Я тебя увидела. Вернее, увидела то, что исходило от тебя, устремляясь ко мне. Горячую мощную волну. Я не различала твоих черт, не могла бы сказать, какого цвета у тебя волосы и какая у тебя фигура, худой ты или полный, высокий или низкий, брюнет или шатен, какие у тебя глаза — голубые или карие, какой рот — большой или маленький. Я увидела только чувство, которое возникло в тебе и направлялось ко мне. Длилось это всего мгновение. От твоего тела к моему прокатился флюид, и его теплый ток говорил: я знаю, кто вы, и знаю, что этот человек вам не нужен. Пожалуйста, не растрачивайте себя. Если вы меня не послушаетесь, мне придется присматривать за вами.

Ты стоял рядом со мной, серьезный и угрюмый. Почти враждебный. Негодуя на меня, совершившую преступление против себя, а может, против нас обоих. На твоем лице яснее ясного читалось, что отныне ты — за меня, что ты и доказал, заговорив с толстогубым и отправив его клеить других блондинок.

— Вы понятия не имеете, какие мысли бродят у мужчин в голове. Он мог решить, что вы — легкая добыча, что вам все равно, с кем… — сказал ты, опуская на меня взгляд.

Мы впервые посмотрели друг на друга.

И этот взгляд — тяжелый, собственнический взгляд — наполнил меня таким счастьем, что я невольно качнулась к тебе. Ты увидел во мне нечто стоящее и не желал, чтобы я делилась им с первым встречным. Ты требовал его для себя. Ты заявлял на него свои права, хотя не сделал пока ко мне ни единого движения.

Мне захотелось схватить тебя и сдернуть с пьедестала, на котором ты высился передо мной. Ты опять стал таким далеким…

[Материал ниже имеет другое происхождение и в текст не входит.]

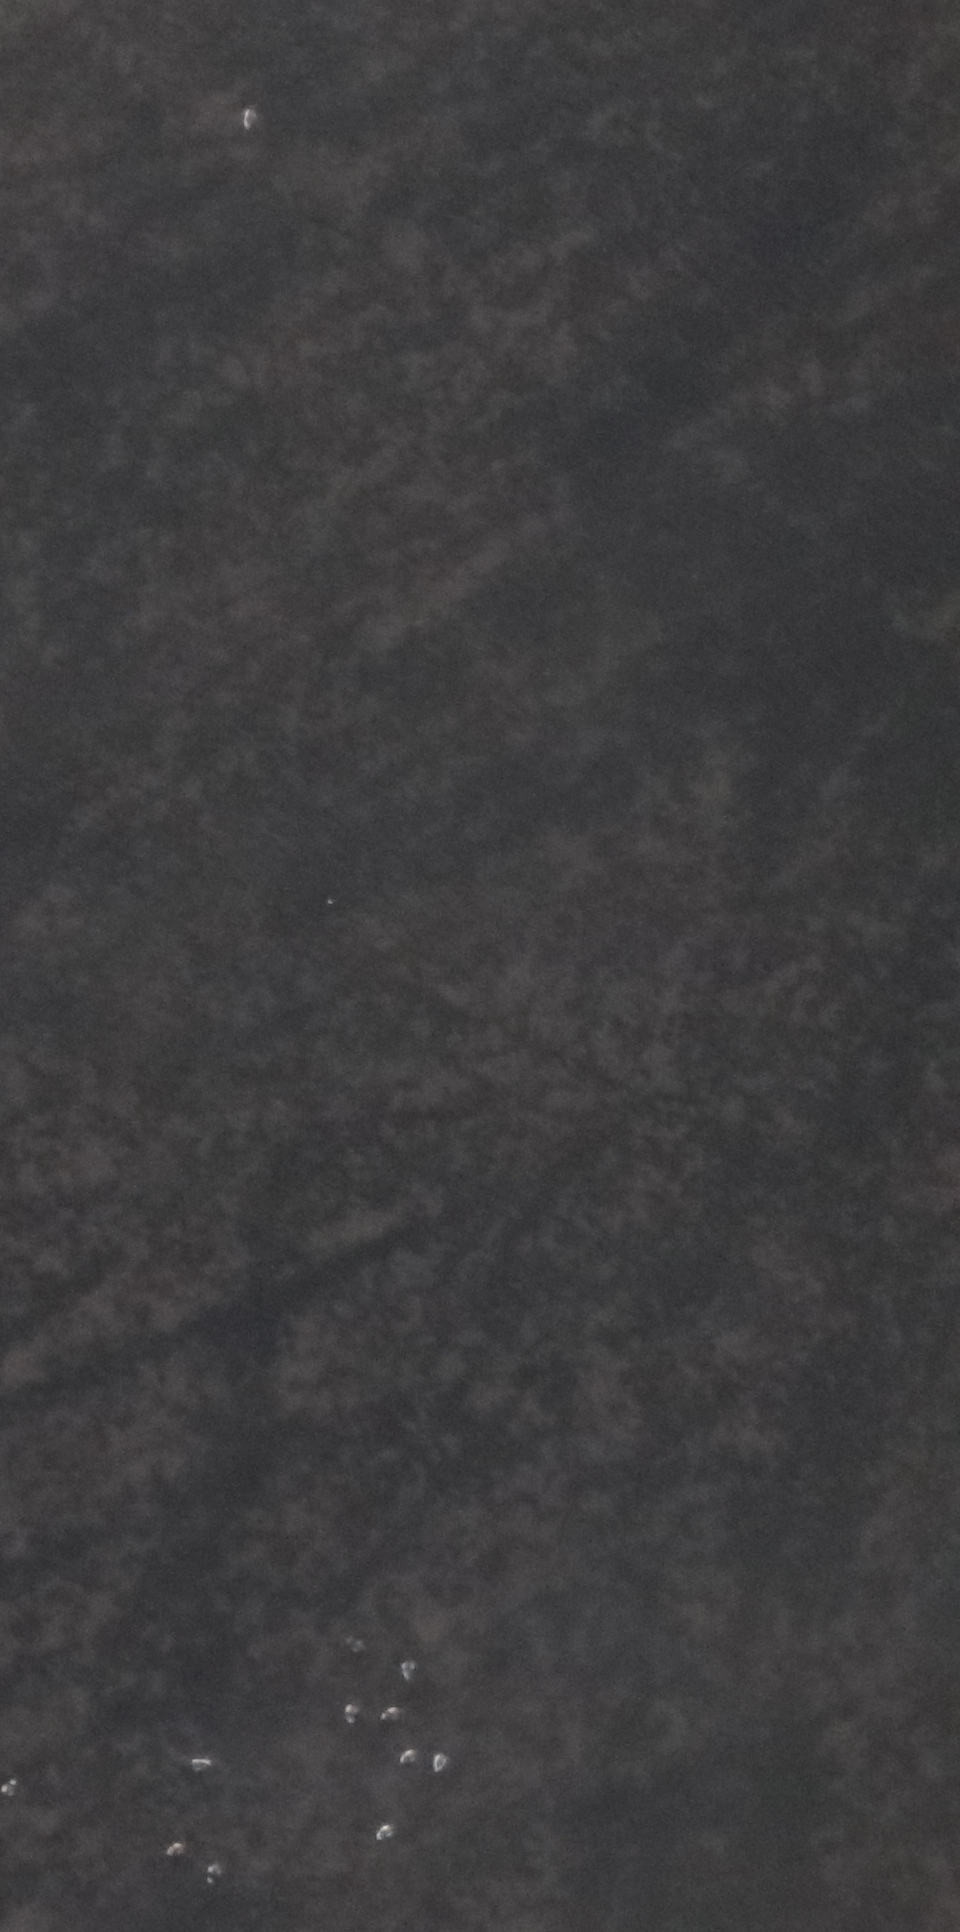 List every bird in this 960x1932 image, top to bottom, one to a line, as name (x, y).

brant (246, 120)
brant (353, 1644)
brant (404, 1664)
brant (354, 1712)
brant (402, 1717)
brant (419, 1765)
brant (201, 1771)
brant (441, 1777)
brant (7, 1799)
brant (382, 1829)
brant (169, 1858)
brant (215, 1888)

Готовым уйти, почти не пряча своей поспешности.

Я пробормотала первое, что пришло в голову, лишь бы удержать тебя на месте. Лишь бы ты не исчез. Ты сделал мне слишком ценный подарок — не позволил поддаться незнакомцу, который, насколько ты мог судить о нем и обо мне, был меня недостоин.

— Вы его знаете? Того человека, что вы сейчас отшили?

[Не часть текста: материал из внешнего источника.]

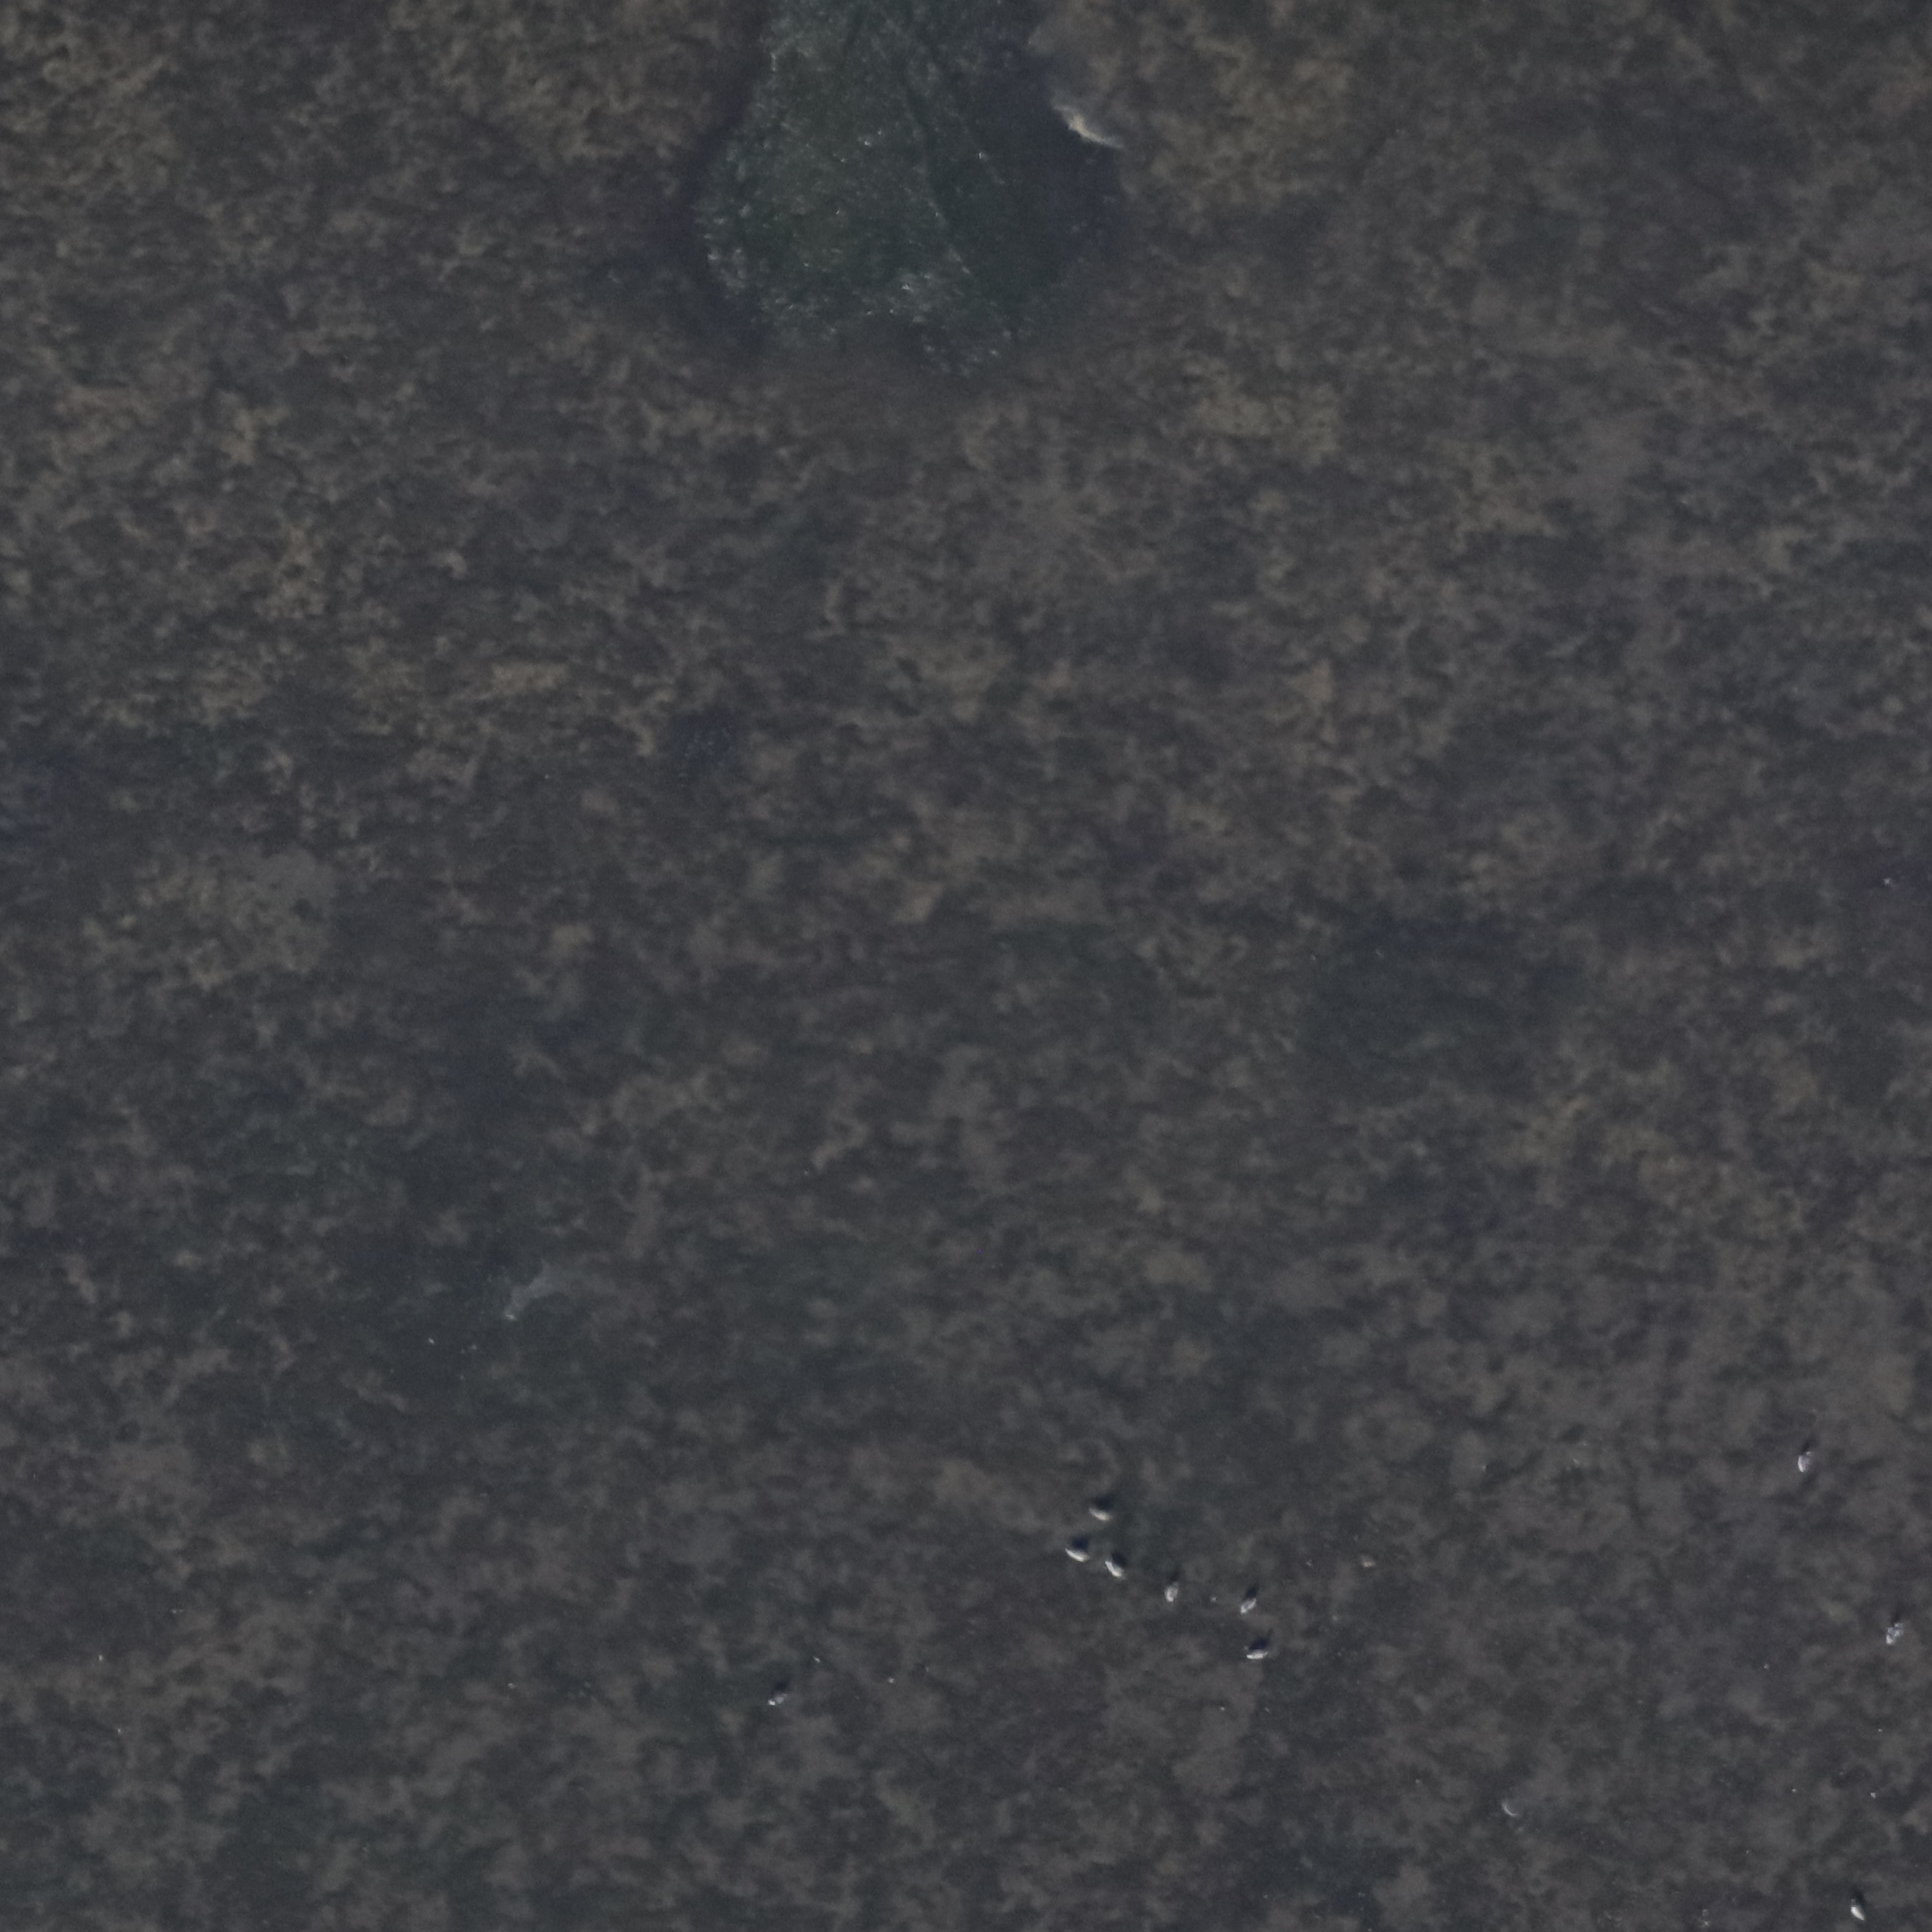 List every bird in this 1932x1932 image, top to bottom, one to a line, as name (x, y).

— Нет, я его не знаю. Но я очень хорошо представляю себе этот тип. Самовлюбленный карьерист, мнит себя интересной личностью только потому, что зарабатывает много денег, а для очистки совести раз в год уезжает на месяц в Заир или куда-нибудь еще, где есть гуманитарные организации. Мелкопоместный маркиз, вся жизнь которого — почтовая открытка политкорректного содержания. Терпеть их не могу. Послушные моде притворщики, лишенные способности чувствовать.

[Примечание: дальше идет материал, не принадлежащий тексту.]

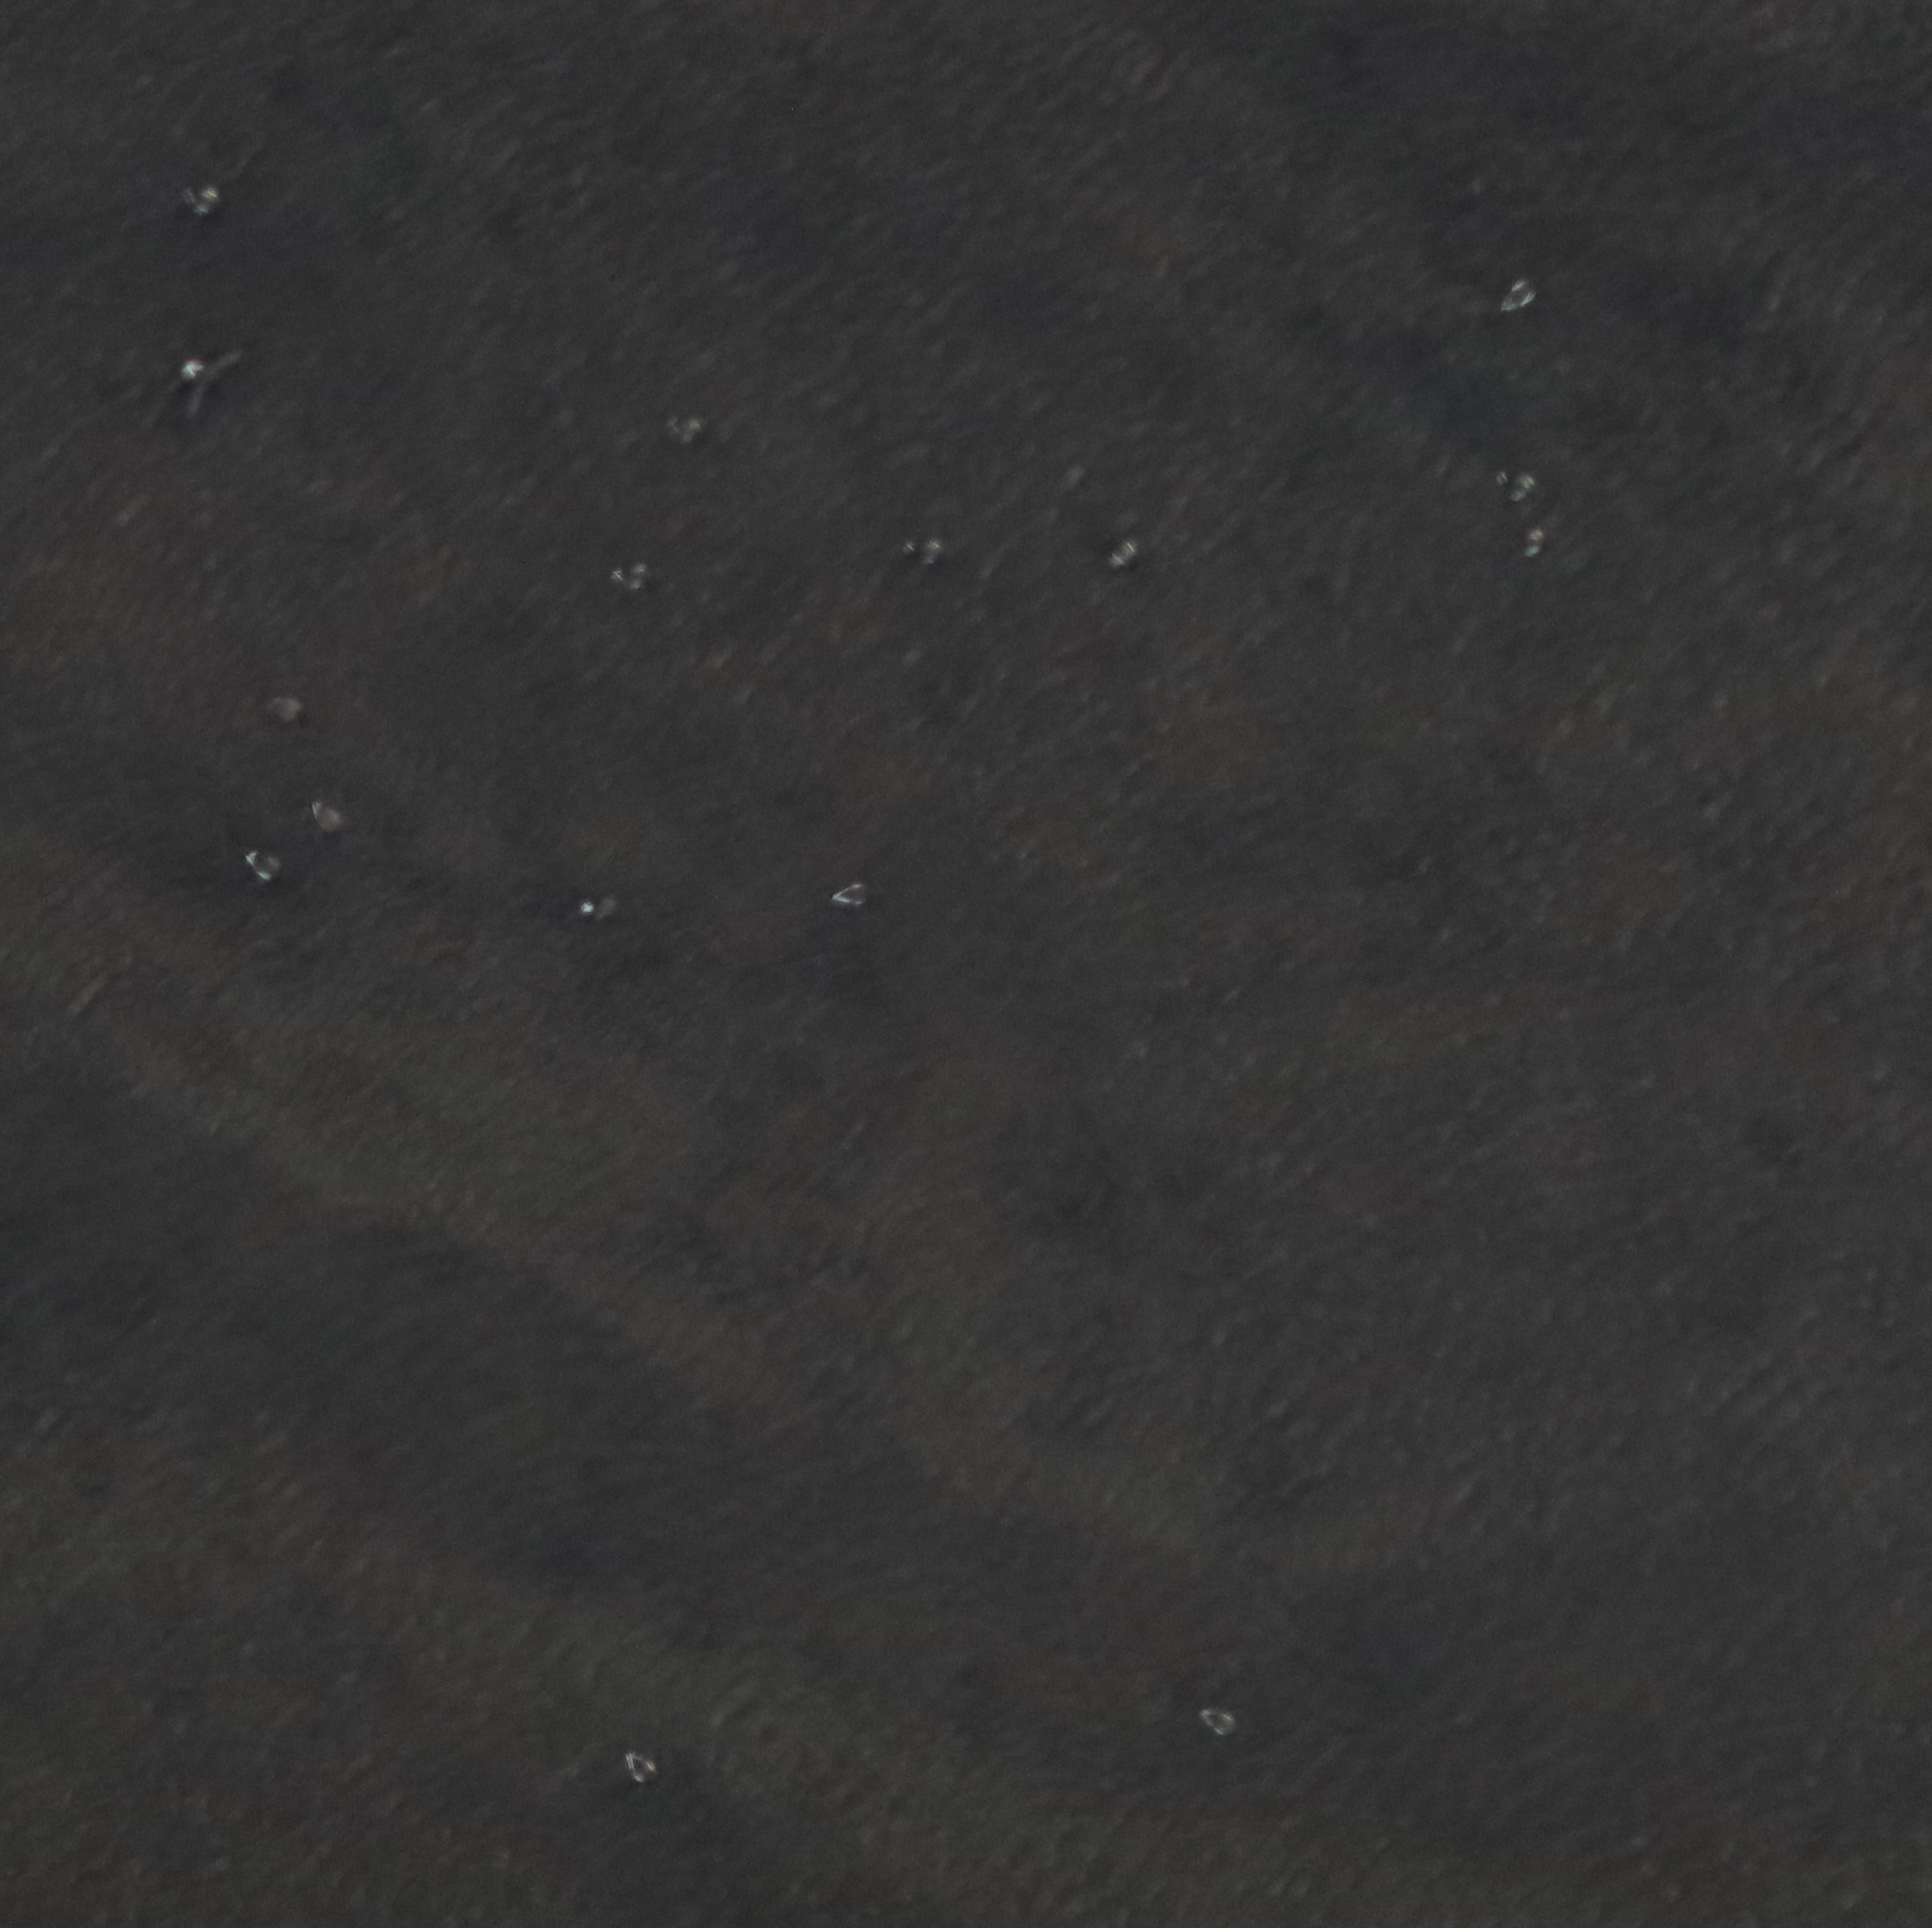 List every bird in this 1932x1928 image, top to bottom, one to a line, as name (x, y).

Я больше не раздумывала. Ни капли. Твоя речь приподняла меня над землей. Она точь-в-точь совпадала с моими мыслями, с моими настоящими, сокровенными мыслями, которые я привыкла маскировать за фасадом расхожих слов. Я притянула тебя за шею и поцеловала в щеку. Сочным поцелуем братской признательности. Теперь-то я понимала, почему ты так меня смутил, — я нашла близнеца.

Ты отступил, словно пораженный молнией. Сделал шаг в сторону. Напрягся. И отошел от меня. Больше мы друг на друга не смотрели.


Это был поцелуй страшной силы. Неимоверной силы. Мне потребовалось время, чтобы прийти в себя. Твой непосредственный порыв сделал очевидным то, что мне пока не казалось очевидным. Да, мне было невыносимо видеть, как этот человек разговаривает с тобой, как с видом собственника стоит с тобой рядом, но я еще ничего для себя не решил. Просто испытал зудящее раздражение. И всякий раз, когда кто-нибудь в этот вечер приближался к тебе, не важно, мужчина или женщина, во мне поднималась волна отвращения. По какому праву они крадут твое время, твой взгляд, твое внимание? На самом деле, я уже вознес тебя над всеми, хотя сам об этом еще не знал…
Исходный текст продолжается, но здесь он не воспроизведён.